▶ _Your instructions_: The answer should be a single number, the count of lines in this material that contain "Lengths".

▶ _Exercise input_:
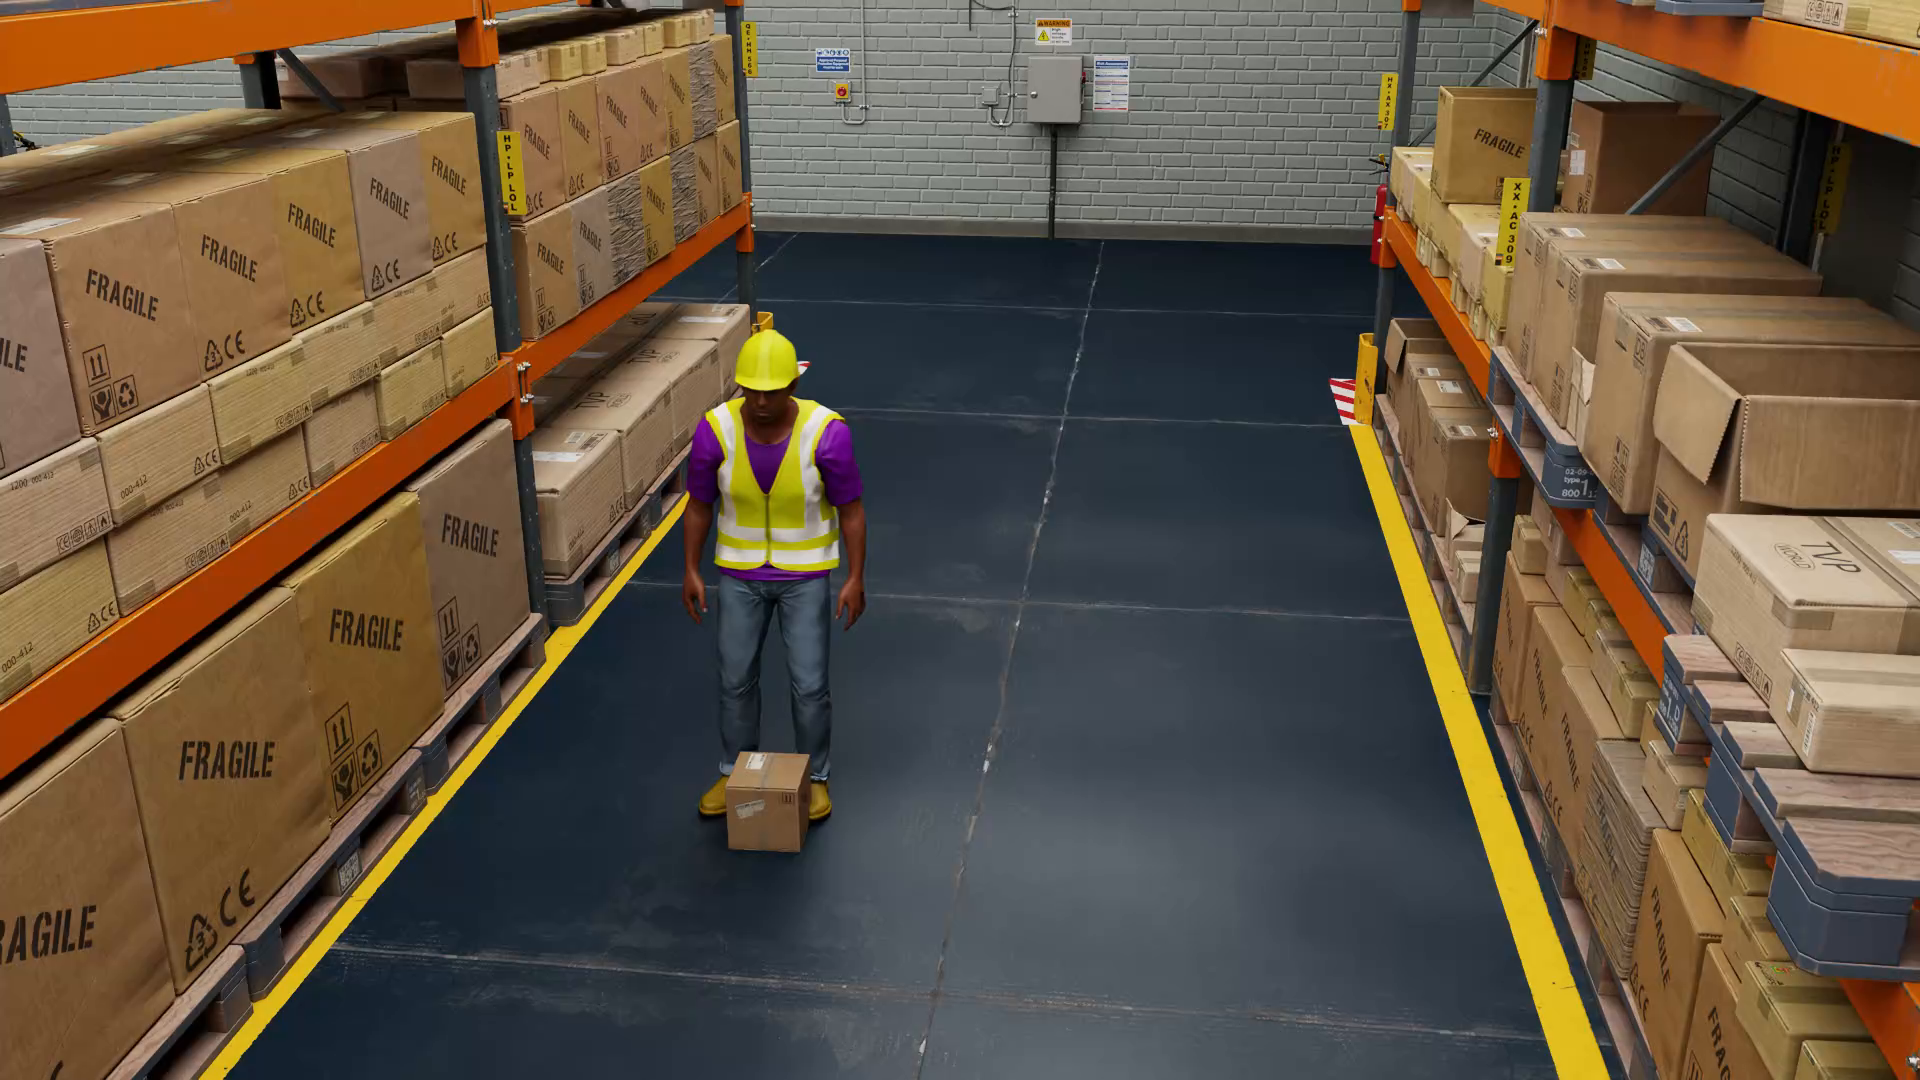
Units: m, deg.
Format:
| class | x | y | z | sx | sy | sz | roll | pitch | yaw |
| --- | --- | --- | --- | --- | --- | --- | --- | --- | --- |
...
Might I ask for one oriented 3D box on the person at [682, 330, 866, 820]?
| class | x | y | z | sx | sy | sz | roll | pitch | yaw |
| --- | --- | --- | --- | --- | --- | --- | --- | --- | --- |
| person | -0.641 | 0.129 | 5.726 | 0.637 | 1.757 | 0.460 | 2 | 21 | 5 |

* * *

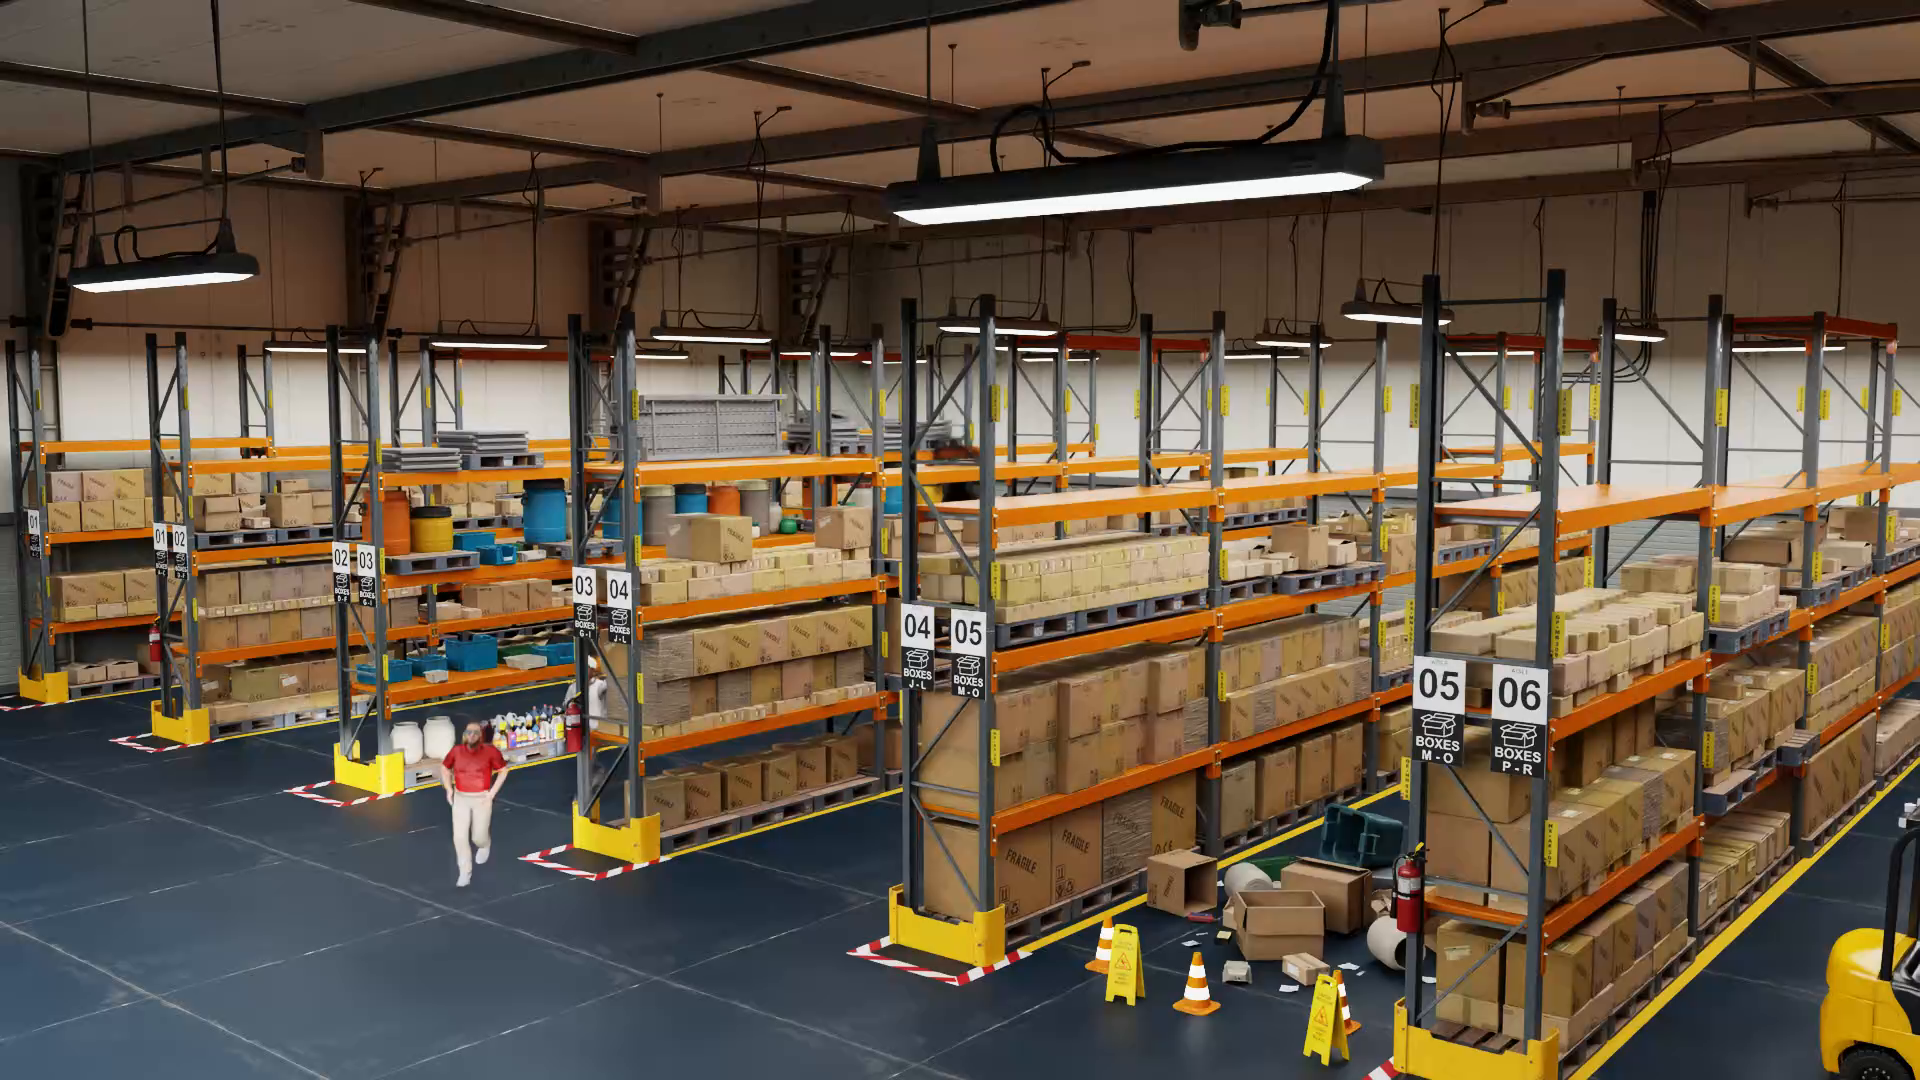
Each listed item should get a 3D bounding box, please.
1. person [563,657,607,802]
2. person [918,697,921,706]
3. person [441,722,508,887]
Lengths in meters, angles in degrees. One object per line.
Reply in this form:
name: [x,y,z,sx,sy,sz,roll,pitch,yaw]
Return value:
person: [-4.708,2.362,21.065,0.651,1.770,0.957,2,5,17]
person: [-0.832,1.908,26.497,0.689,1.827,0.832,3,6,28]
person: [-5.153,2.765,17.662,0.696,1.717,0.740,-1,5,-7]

---

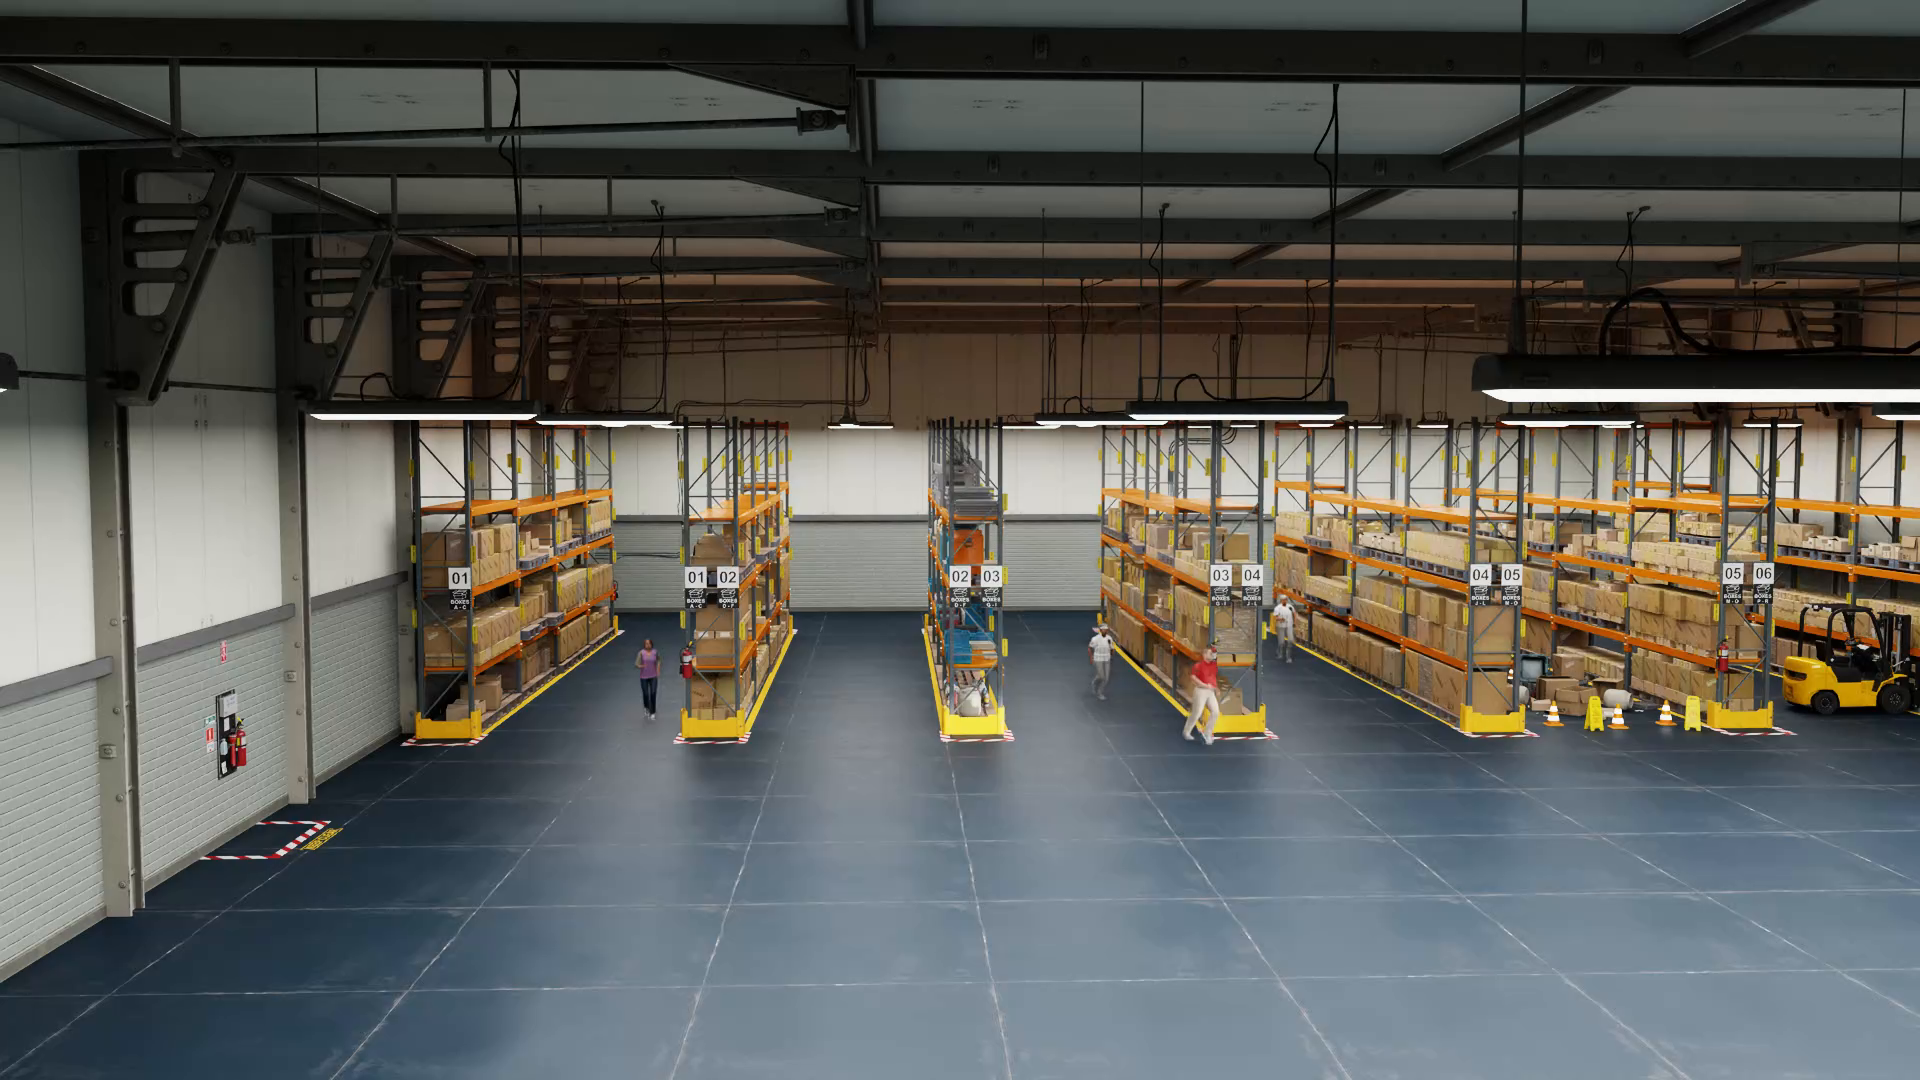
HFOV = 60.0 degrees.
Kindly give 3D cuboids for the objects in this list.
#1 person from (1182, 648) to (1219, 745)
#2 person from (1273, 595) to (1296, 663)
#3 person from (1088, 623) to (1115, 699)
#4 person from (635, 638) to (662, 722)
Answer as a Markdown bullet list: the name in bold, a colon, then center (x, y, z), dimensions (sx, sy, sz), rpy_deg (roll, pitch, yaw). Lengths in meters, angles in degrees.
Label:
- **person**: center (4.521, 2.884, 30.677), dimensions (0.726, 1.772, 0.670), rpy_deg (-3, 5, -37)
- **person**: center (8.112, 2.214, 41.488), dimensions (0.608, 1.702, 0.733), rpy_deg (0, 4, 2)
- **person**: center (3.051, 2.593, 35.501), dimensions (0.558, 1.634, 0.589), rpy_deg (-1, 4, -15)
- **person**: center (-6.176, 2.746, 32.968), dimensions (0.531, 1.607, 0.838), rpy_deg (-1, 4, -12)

▶ _Task result_: 2